# Numerical methods challenge: Day 20

During October (2017) I will write a program per day for some well-known numerical methods in both Python and Julia. It is intended to be an exercise then don't expect the code to be good enough for real use. Also, I should mention that I have almost no experience with Julia, so it probably won't be idiomatic Julia but more Python-like Julia.

## Shooting method

Today we have the shooting method. This is a method for solving boundary value problems by turning them into a sequence of initial value problems.

Loosely speaking, for a second order equation we have

\begin{equation*} y''(x) = f(x, y(x), y'(x)),\quad y(x_0) = y_0,\quad y(x_1) = y_1\, , \end{equation*}

and we solve the sequence of problems

\begin{equation*} y''(x) = f(x, y(x), y'(x)),\quad y(x_0) = y_0,\quad y'(x_0) = a \end{equation*}

until the function $F(a) = y(x_1; a) - y_1$ has a root.

We will test the method with the boundary value problem

\begin{equation*} y''(x) = \frac{3}{2} y^2,\quad w(0) = 4,\quad w(1) = 1\, . \end{equation*}

Following are the codes.

### Python

from __future__ import division, print_function
import numpy as np
import matplotlib.pyplot as plt
from scipy.optimize import newton
from scipy.integrate import odeint

def shooting(dydx, x, x0, xf, shoot=None):
if shoot is None:
shoot = np.random.uniform(-20, 20)
F = lambda s, x0, xf, x: odeint(dydx, [x0, s], x)[-1, 0] - xf
shoot = newton(F, shoot, args=(x0, xf, x))
y = odeint(dydx, [x0, shoot], x)
return y[:, 0], shoot

func = lambda y, t: [y[1], 1.5*y[0]**2]
x = np.linspace(0, 1, 1000)
y, shoot = shooting(func, x, 4, 1, shoot=-5)
plt.plot(x, y)
plt.xlabel(r"$x$")
plt.ylabel(r"$y$")
plt.show()


### Julia

using PyPlot, DifferentialEquations, Roots

function shooting(dydx, x, y0, yf; shoot=nothing)
if shoot == nothing
shoot = rand(-20:0.1:20)
end
function F(s)
prob = ODEProblem(dydx, [y0, s], (x[1], x[end]))
sol = solve(prob)
return sol(x[end])[1] - yf
end
shoot = fzero(F, shoot)
prob = ODEProblem(dydx, [y0, shoot], (x[1], x[end]))
sol = solve(prob, solveat=x)
return sol(x)[1, :], shoot
end

func(x, y) = [y[2], 1.5*y[1]^2]
x = linspace(0, 1, 1000)
y, shoot = shooting(func, x , 4.0, 1.0, shoot=-5.0)
plot(x, y)


In both cases the result is the following plot, and the slope is -7.9999999657800833.

We should mention that the convergence of the method relies on the selection of initial guesses.

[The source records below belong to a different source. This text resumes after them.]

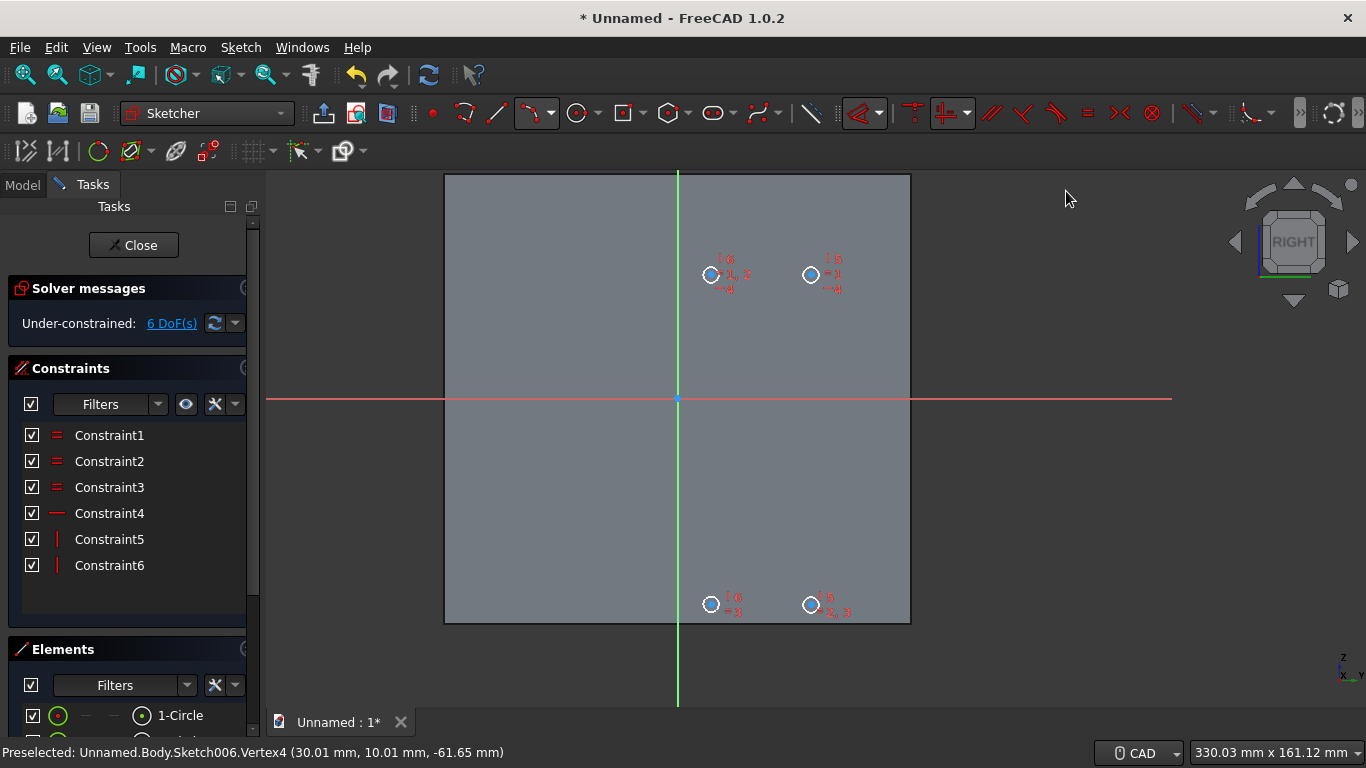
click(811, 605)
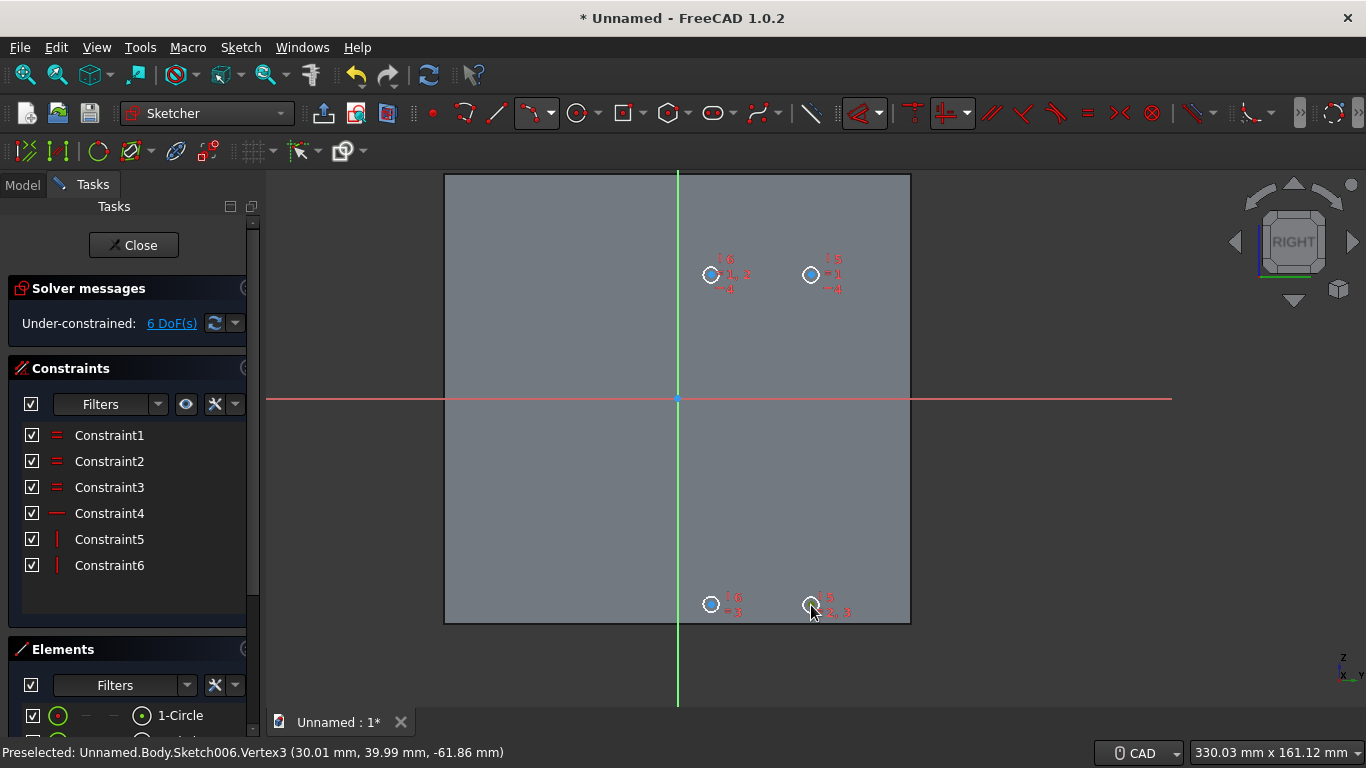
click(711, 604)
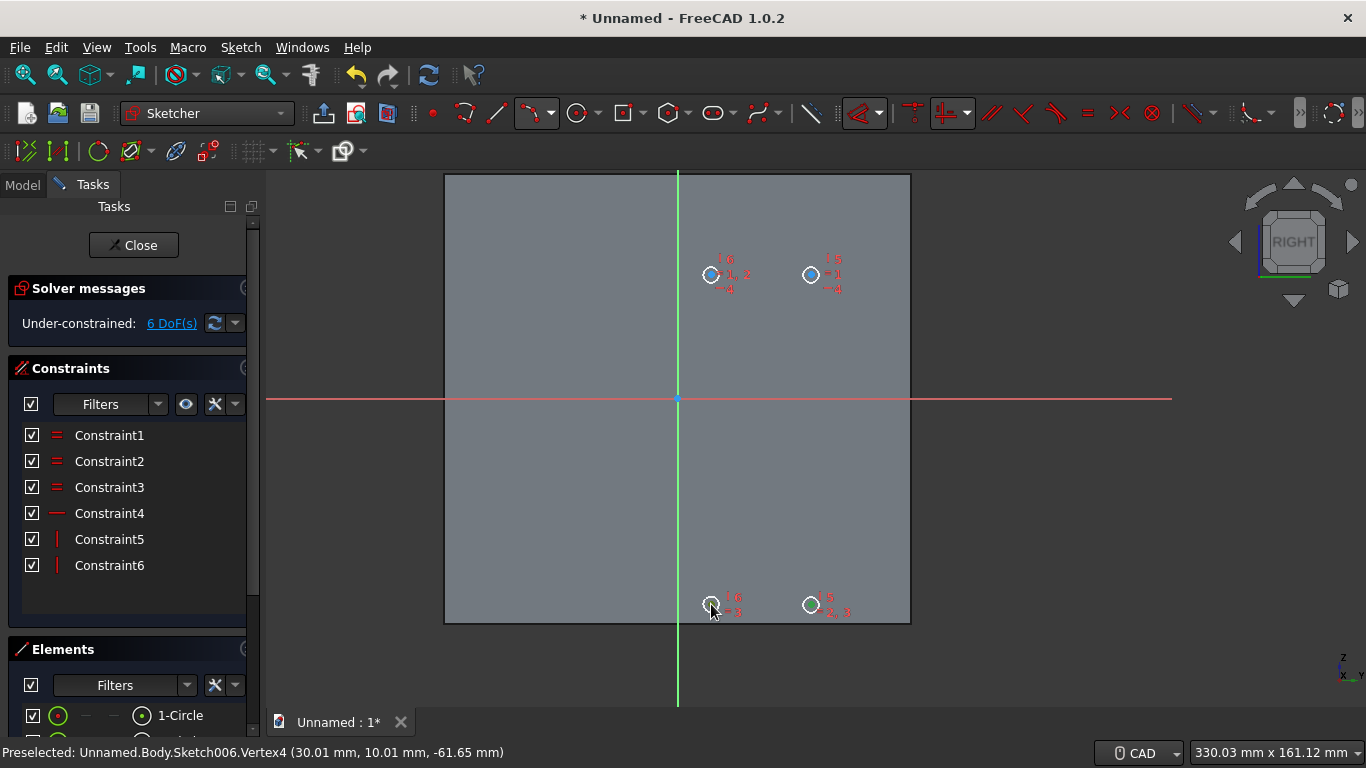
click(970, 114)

For example, if we choose as initial parameter -50 in the previous problem, we obtain a completely differente solution.

y, shoot = shooting(func, x , 4.0, 1.0, shoot=-50.0)

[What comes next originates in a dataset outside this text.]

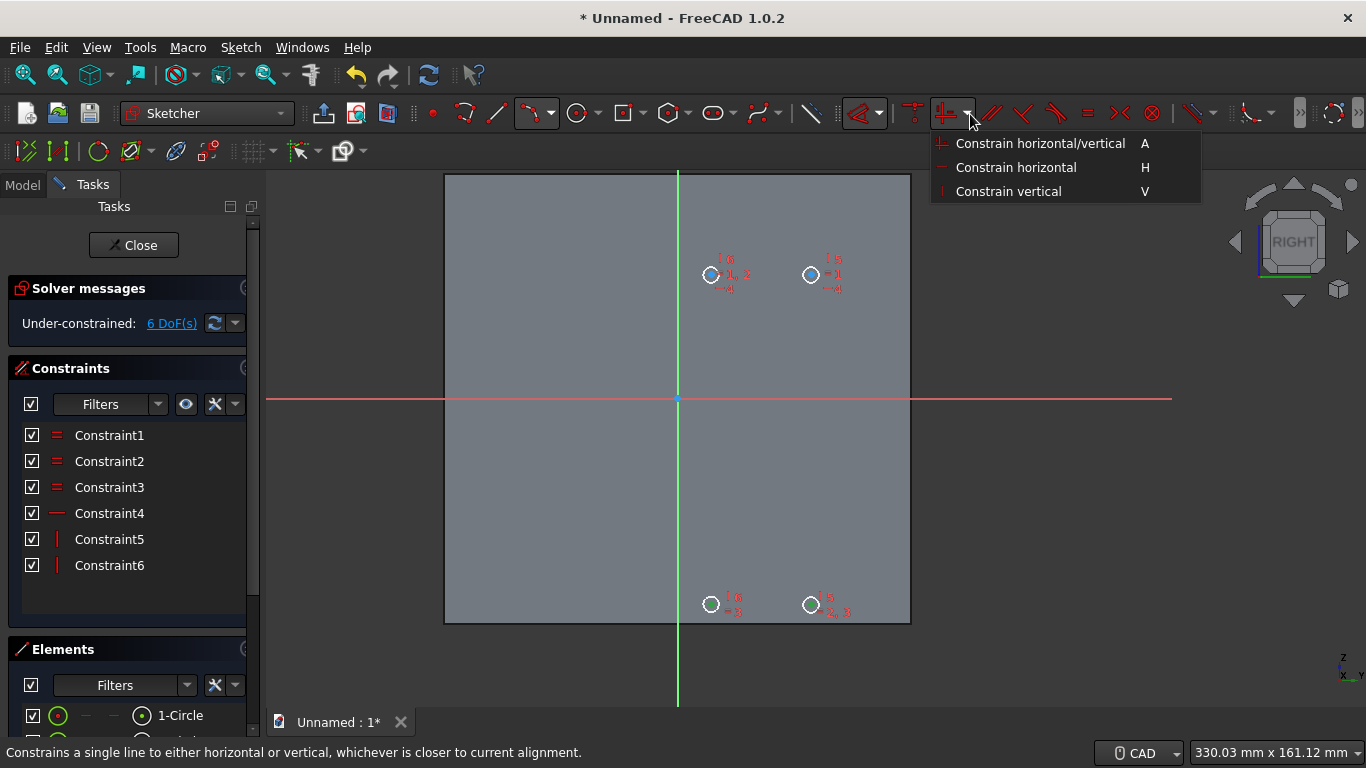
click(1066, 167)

And the obtained slope is -35.858547970130971.

### Comparison Python/Julia

Regarding number of lines we have: 20 in Python and 23 in Julia. The comparison in execution time is done with %timeit magic command in IPython and @benchmark in Julia.

For Python:

%timeit shooting(func, x, 4, 1, shoot=-5)


with result

100 loops, best of 3: 1.9 ms per loop


For Julia:

@benchmark shooting(func, x, 4.0, 1.0, shoot=-5.0)


with result

BenchmarkTools.Trial:
memory estimate:  4.18 MiB
allocs estimate:  78552
--------------
minimum time:     10.065 ms (0.00% GC)
median time:      10.593 ms (0.00% GC)
mean time:        11.769 ms (9.28% GC)
maximum time:     22.252 ms (48.58% GC)
--------------
samples:          425
evals/sample:     1


In this case, we can say that the Python code is roughly 5 times faster than Julia. Although, the codes are more different than in the other challenges. For example, I am not using newton in Julia.